Activation of STAT3-mediated ciliated cell survival protects against severe infection by respiratory syncytial virus

Caiqi Zhao  1 Yan Bai  1 Wei Wang  1 Gaurang M Amonkar  1 Hongmei Mou  2 Judith Olejnik  3   4 Adam J Hume  3   4 Elke Mühlberger  3   4 Nicholas W Lukacs  5 Rachel Fearns  3 Paul H Lerou  1 Xingbin Ai  1
Affiliations

Activation of STAT3-mediated ciliated cell survival protects against severe infection by respiratory syncytial virus

Caiqi Zhao et al. J Clin Invest. .

Abstract

Respiratory syncytial virus (RSV) selectively targets ciliated cells in human bronchial epithelium and can cause bronchiolitis and pneumonia, mostly in infants.

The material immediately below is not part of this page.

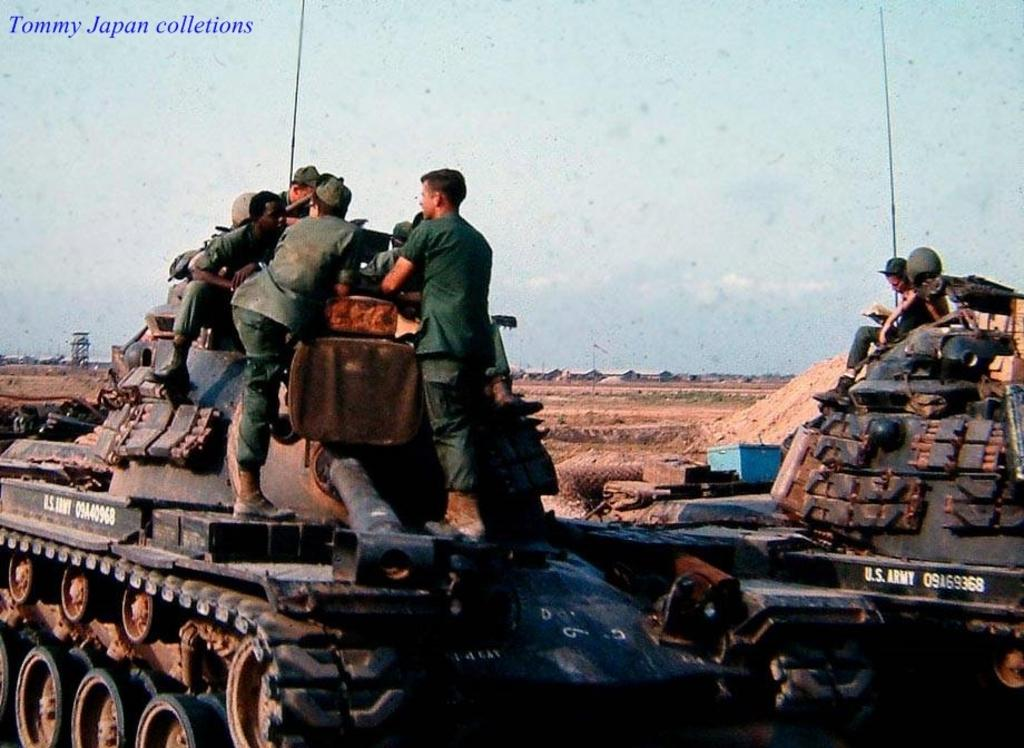What type of vehicles are present in the image? There are military tanks in the image. What are the people doing in relation to the tanks? People are standing and sitting on the tanks. What can be seen in the background of the image? There are tents and the sky visible in the background of the image. What type of laborer can be seen working on the seashore in the image? There is no laborer or seashore present in the image; it features military tanks with people standing and sitting on them, along with tents and the sky in the background.

To identify molecular targets of intervention during RSV infection in infants, we investigated how age regulates RSV interaction with the bronchial epithelium barrier. Employing precision-cut lung slices and air-liquid interface cultures generated from infant and adult human donors, we found robust RSV virus spread and extensive apoptotic cell death only in infant bronchial epithelium. In contrast, adult bronchial epithelium showed no barrier damage and limited RSV infection. Single nuclear RNA-Seq revealed age-related insufficiency of an antiapoptotic STAT3 activation response to RSV infection in infant ciliated cells, which was exploited to facilitate virus spread via the extruded apoptotic ciliated cells carrying RSV. Activation of STAT3 and blockade of apoptosis rendered protection against severe RSV infection in infant bronchial epithelium. Lastly, apoptotic inhibitor treatment of a neonatal mouse model of RSV infection mitigated infection and inflammation in the lung. Taken together, our findings identify a STAT3-mediated antiapoptosis pathway as a target to battle severe RSV disease in infants.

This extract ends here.